Osasuna, a un paso del abismo: la baja de víctor muñoz, un ko que podría sellar su destino
El pulso de Osasuna se tambalea. El equipo rojillo, tras una temporada de altibajos, se encuentra a tan solo dos puntos de la salvación en LaLiga virtualmente, pero una noticia desastrosa amenaza con desbaratar todo su esfuerzo: la lesión muscular del extremo Víctor Muñoz.
Un canterano del madrid, la joya de la corona
Munoz, procedente del Real Madrid y con un pasado breve pero llamativo en el Barcelona, era mucho más que un fichaje mediático. Se erigía como la pieza clave de la zaga azulgrana, un velocista y desmarkador capaz de abrir espacios que otros no veían. Su capacidad para cambiar de ritmo y su precisión en el último pase lo convertían en un auténtico peligro para cualquier defensa. Pero ahora, la suerte parece haberse vuelto contra ellos.

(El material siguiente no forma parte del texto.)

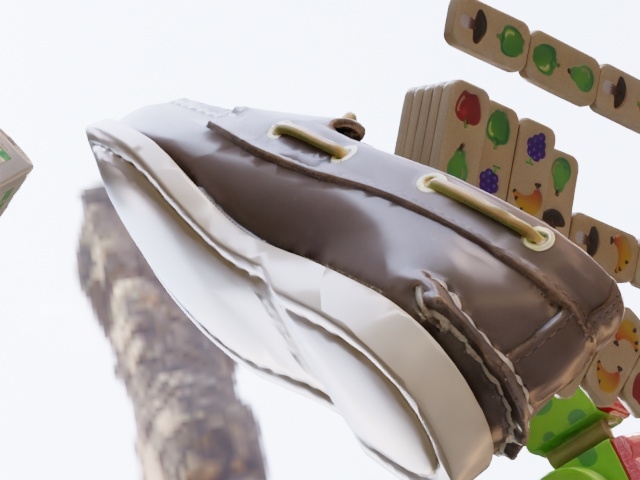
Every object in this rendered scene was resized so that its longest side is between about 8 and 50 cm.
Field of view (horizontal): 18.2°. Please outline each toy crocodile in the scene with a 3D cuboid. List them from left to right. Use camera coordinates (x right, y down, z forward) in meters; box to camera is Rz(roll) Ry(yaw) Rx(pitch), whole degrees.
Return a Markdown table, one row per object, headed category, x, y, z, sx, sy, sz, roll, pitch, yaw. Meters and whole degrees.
| category | x | y | z | sx | sy | sz | roll | pitch | yaw |
| --- | --- | --- | --- | --- | --- | --- | --- | --- | --- |
| toy crocodile | 0.177 | 0.126 | 1.411 | 0.105 | 0.340 | 0.115 | -33 | -19 | 18 |

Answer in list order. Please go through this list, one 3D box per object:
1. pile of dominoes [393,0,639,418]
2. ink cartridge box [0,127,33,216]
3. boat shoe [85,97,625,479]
| category | x | y | z | sx | sy | sz | roll | pitch | yaw |
| --- | --- | --- | --- | --- | --- | --- | --- | --- | --- |
| pile of dominoes | 0.143 | -0.012 | 1.103 | 0.251 | 0.196 | 0.040 | 20 | -14 | -37 |
| ink cartridge box | -0.319 | 0.023 | 1.400 | 0.056 | 0.225 | 0.181 | 44 | -52 | 5 |
| boat shoe | 0.000 | 0.000 | 0.839 | 0.097 | 0.324 | 0.116 | -35 | -60 | -15 |
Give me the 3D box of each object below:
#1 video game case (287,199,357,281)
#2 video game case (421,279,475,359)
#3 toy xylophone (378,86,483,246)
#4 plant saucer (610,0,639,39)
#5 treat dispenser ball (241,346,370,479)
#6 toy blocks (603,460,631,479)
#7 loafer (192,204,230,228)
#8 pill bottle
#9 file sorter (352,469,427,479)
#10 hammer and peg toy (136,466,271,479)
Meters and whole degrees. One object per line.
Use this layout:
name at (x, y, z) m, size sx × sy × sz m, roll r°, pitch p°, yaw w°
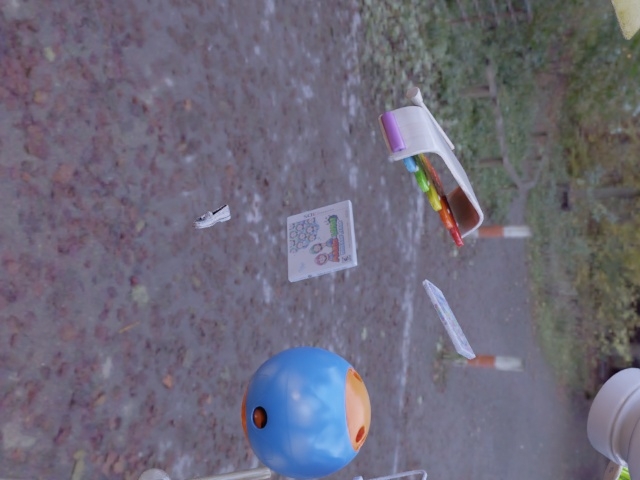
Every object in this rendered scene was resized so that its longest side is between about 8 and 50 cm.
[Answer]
video game case at (0.000, 0.000, 1.369) m, size 0.019 × 0.143 × 0.157 m, roll 54°, pitch 26°, yaw -51°
video game case at (0.198, 0.123, 1.039) m, size 0.087 × 0.011 × 0.122 m, roll 32°, pitch 29°, yaw -60°
toy xylophone at (0.216, -0.145, 1.285) m, size 0.322 × 0.081 × 0.236 m, roll 49°, pitch 23°, yaw -39°
plant saucer at (0.298, -0.436, 0.697) m, size 0.333 × 0.081 × 0.332 m, roll 28°, pitch 54°, yaw -53°
treat dispenser ball at (-0.032, 0.381, 1.500) m, size 0.288 × 0.288 × 0.287 m, roll 0°, pitch 90°, yaw -65°
toy blocks at (0.490, 0.401, 1.007) m, size 0.054 × 0.148 × 0.123 m, roll -48°, pitch 160°, yaw -55°
loafer at (-0.285, -0.063, 1.746) m, size 0.125 × 0.045 × 0.039 m, roll -23°, pitch 119°, yaw -50°
pill bottle at (0.311, 0.175, 0.526) m, size 0.112 × 0.187 × 0.111 m, roll -8°, pitch 108°, yaw -26°
file sorter at (0.163, 0.619, 1.317) m, size 0.277 × 0.173 × 0.193 m, roll 70°, pitch 19°, yaw -1°
hammer and peg toy at (-0.130, 0.476, 1.003) m, size 0.266 × 0.361 × 0.127 m, roll -14°, pitch 148°, yaw -31°

Las últimas pruebas médicas han confirmado lo que temía la afición: una lesión en el sóleo que le impedirá jugar durante entre dos y tres semanas. Esto significa, al menos, la pérdida de tres partidos más del calendario rojillo, incluyendo el crucial choque del sábado contra el FC Barcelona, un encuentro que, de otro modo, podría haber sido un factor determinante para la permanencia.

Más allá del 'barón rojo'
La ausencia de Muñoz, lejos de ser un simple contratiempo, representa un revés significativo. El equipo deberá recurrir a jugadores como Raúl Moro o el capitán Kike Barja para ocupar su lugar. Ambos, si bien han mostrado destellos de calidad, no pueden suplir la versatilidad y la efectividad del joven extremo. La presión sobre el cuerpo técnico es máxima; sumar diez puntos en los quince que restan para la jornada final sería un milagro, y alcanzar los 52 puntos, el registro de la anterior campaña, parece ahora una quimera.
Un dato que resume la situación: Muñoz ha marcado seis goles y aportado cinco asistencias, cifras que lo consagran como el jugador más determinante del equipo. Su gol en el descuento frente al Real Oviedo, un auténtico latigazo para el rival, es un ejemplo de su capacidad para aparecer en los momentos cruciales. La sombra de su ausencia se cierne sobre el futuro de Osasuna, un futuro que, hasta hace poco, parecía prometedor. El técnico Alessio Lisci se enfrenta a una prueba de fuego: transformar la desgracia en oportunidad, o ver cómo el sueño de Europa se desvanece en el horizonte.